### MATERIALS PROVIDED
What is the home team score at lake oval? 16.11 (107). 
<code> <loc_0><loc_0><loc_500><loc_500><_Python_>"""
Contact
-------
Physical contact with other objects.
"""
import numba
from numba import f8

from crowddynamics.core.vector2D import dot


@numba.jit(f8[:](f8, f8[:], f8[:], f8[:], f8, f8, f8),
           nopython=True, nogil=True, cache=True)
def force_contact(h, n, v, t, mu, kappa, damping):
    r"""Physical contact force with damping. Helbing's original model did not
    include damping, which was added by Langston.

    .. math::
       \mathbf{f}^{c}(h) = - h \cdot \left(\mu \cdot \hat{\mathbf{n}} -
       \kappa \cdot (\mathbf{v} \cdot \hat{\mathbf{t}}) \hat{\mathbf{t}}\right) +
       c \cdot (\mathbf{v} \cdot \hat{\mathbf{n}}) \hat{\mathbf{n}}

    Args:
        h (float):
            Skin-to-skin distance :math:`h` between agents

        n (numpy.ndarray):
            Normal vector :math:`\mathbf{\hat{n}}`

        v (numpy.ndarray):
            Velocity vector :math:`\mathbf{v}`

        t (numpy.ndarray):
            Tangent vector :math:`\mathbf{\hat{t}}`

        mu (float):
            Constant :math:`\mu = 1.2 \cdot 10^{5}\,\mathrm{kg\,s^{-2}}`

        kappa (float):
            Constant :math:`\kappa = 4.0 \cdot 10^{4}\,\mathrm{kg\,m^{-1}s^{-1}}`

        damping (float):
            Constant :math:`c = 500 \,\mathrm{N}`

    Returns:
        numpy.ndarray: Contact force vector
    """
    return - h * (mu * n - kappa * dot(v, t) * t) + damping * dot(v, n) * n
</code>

...

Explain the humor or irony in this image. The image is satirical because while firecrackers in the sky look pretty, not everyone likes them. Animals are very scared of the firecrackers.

### WHAT THIS TASK INVOLVES
What lines above contain the word "code"? Return each such line.

### FINISHED TASK
<code> <loc_0><loc_0><loc_500><loc_500><_Python_>"""
</code>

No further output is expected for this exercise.